1) You’re marooned on a small island with one person and one item of your choice—who is that person and what item do you have?
2) Which musical would you say best exemplifies your life – and which character in that musical are you?

3) Take these three words and give me a 100 word or less scene using them: hammer, saucer, traffic lights.

Distracted by the unsettling breakfast conversation, she’d taken both the delicate tea cup and its matching saucer along with her when she left home for the office. Stopping abruptly at the yellow signal of the corner traffic lights, the cup tumbled from the dashboard to the floor and crash-landed on the cold steel head of Tom’s hammer peeping from beneath the passenger seat. The piercing sound of the shattering china and the sheer incongruity of the two items sent a shivering chill up her spine, as if both might somehow figure ominously in her day.

 

4) What is your idea of how to spend romantic time with your significant other?

5) When you start a new story, do you begin with a character, or a plot?

When I have some idea of plot in mind, that’s how the story (like SQUEALER) begins. But when a person or character appeals to me (as in the story mentioned in Answer #9), it’s usually their particular experience that stands out, so I write the story around the character. Simple answer: Both.

6) If they were to make the story of your life into a movie, who should play you?

7) Who’s your favorite horror villain and why?
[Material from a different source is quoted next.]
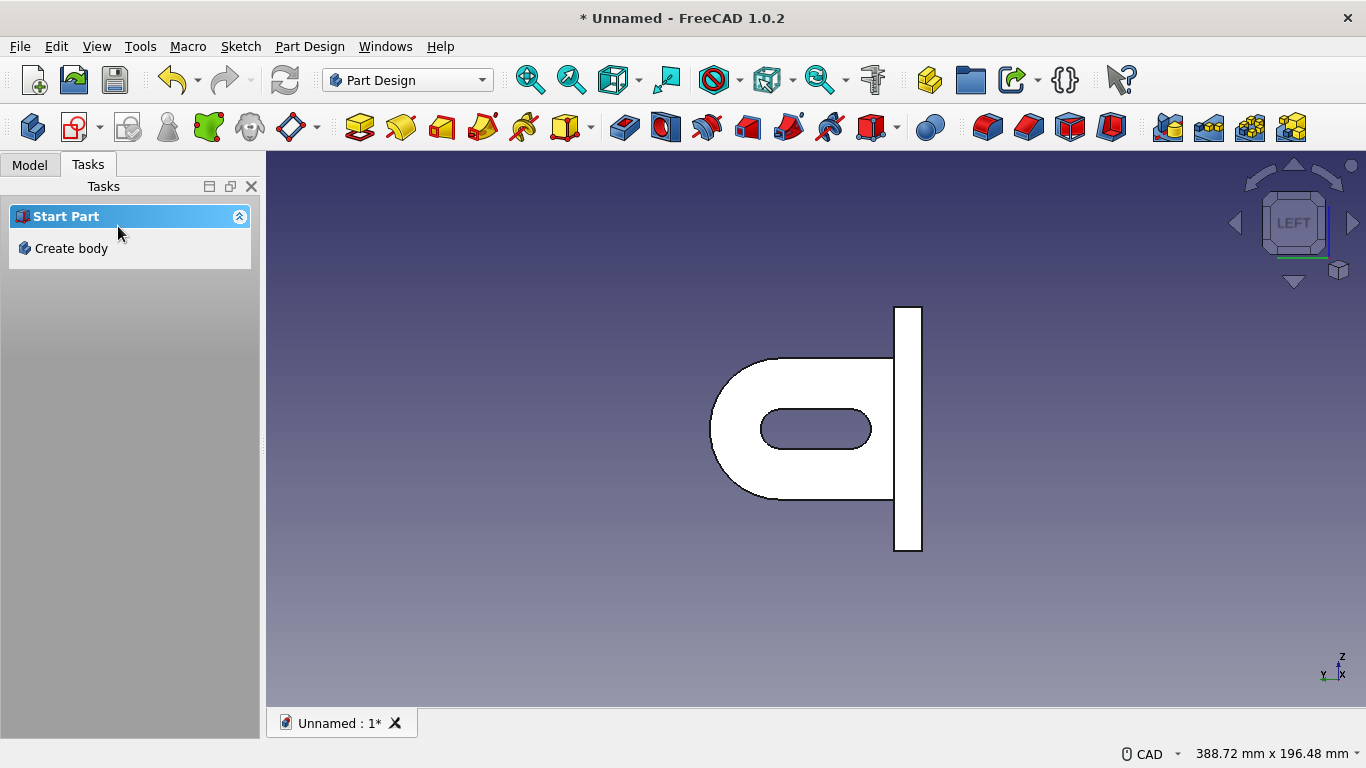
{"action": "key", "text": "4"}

James Whale’s 1931 Frankenstein, because he was misunderstood. He had the capacity to be a gentle man. Remember the scene where he attempts to play with the little girl or when he stumbles upon the hermit in whom he finds a “FRIEND”?  If he hadn’t been miswired by a loopy scientist, things might have turned out very differently for the monster.
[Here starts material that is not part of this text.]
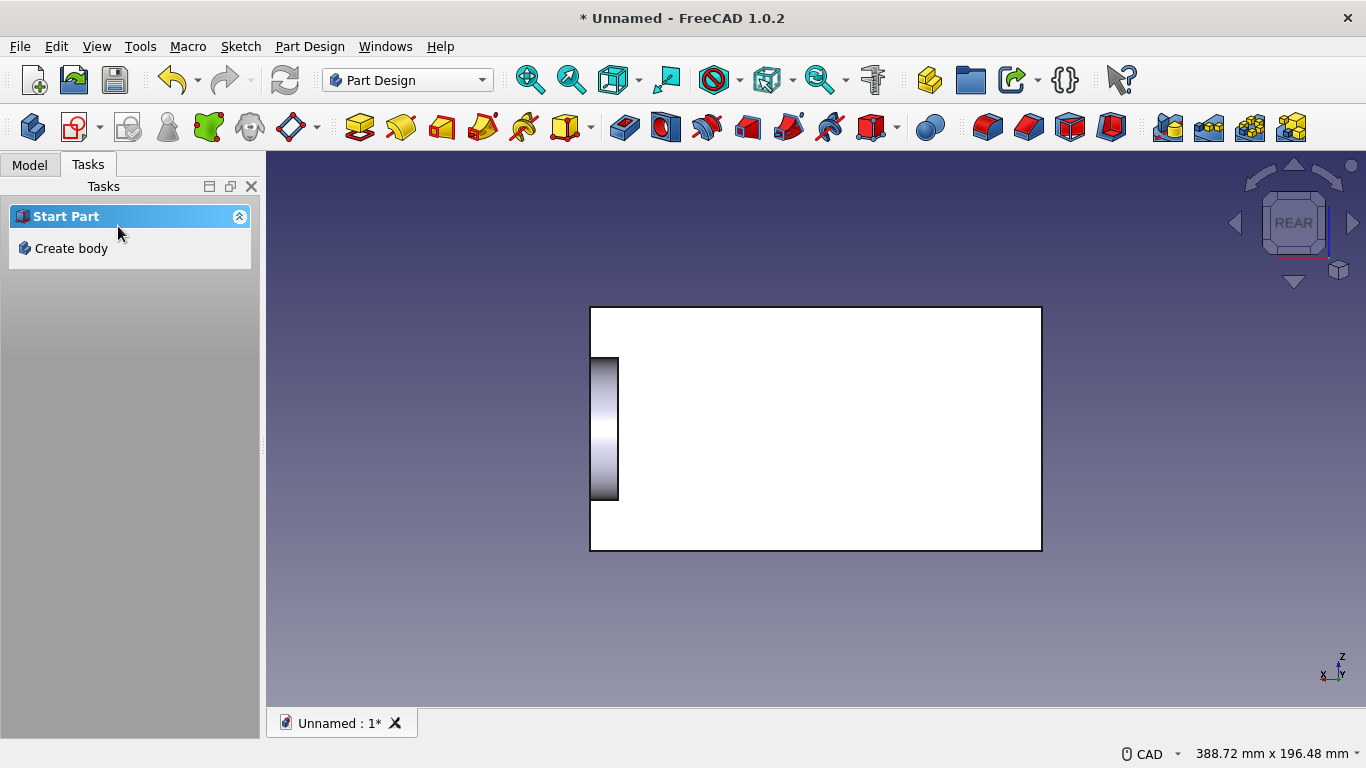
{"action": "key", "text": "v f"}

8) Do you have an historical crush and if so, who is it?

Thomas Jefferson. Lawyer, statesman, diplomatic minister, governor, congressman, secretary of state, vice president, president, architect, author, philosopher, agronomist. Visit his home in Charlottesville, VA. You’ll learn that he is also credited with a number of inventions, including the Polygraph for copying his writings.

9) Is there a story that you’d like to tell but you think the world isn’t ready to receive it?

I’ve written a short story about a poor, under-educated, backwoods, put-upon mother who suffocates her latest infant with a Winnie the Pooh pillow that says, “Some people care too much; I think it’s called love.” Empathy for the woman is roused as her personally justifiable motivations are revealed. I’ve submitted it to a few journals who offer the same canned rejection: We enjoyed reading your story; however, it doesn’t fit our current needs.” Or something ridiculous to that effect.